===== Provided data =====

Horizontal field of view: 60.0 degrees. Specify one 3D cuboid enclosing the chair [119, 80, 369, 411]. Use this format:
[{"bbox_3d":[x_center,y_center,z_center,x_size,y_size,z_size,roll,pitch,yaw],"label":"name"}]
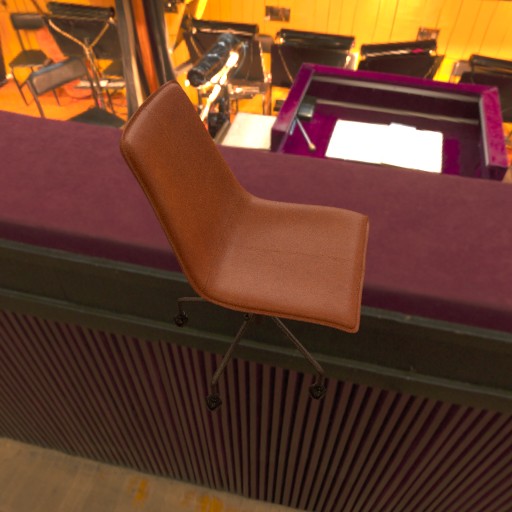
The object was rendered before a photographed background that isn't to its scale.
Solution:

=====

**Task statement:** Return the listing unchanged, but drop every picture.

**Completed task:**
Horizontal field of view: 60.0 degrees. Specify one 3D cuboid enclosing the chair [119, 80, 369, 411]. Use this format:
[{"bbox_3d":[x_center,y_center,z_center,x_size,y_size,z_size,roll,pitch,yaw],"label":"name"}]
The object was rendered before a photographed background that isn't to its scale.
Solution:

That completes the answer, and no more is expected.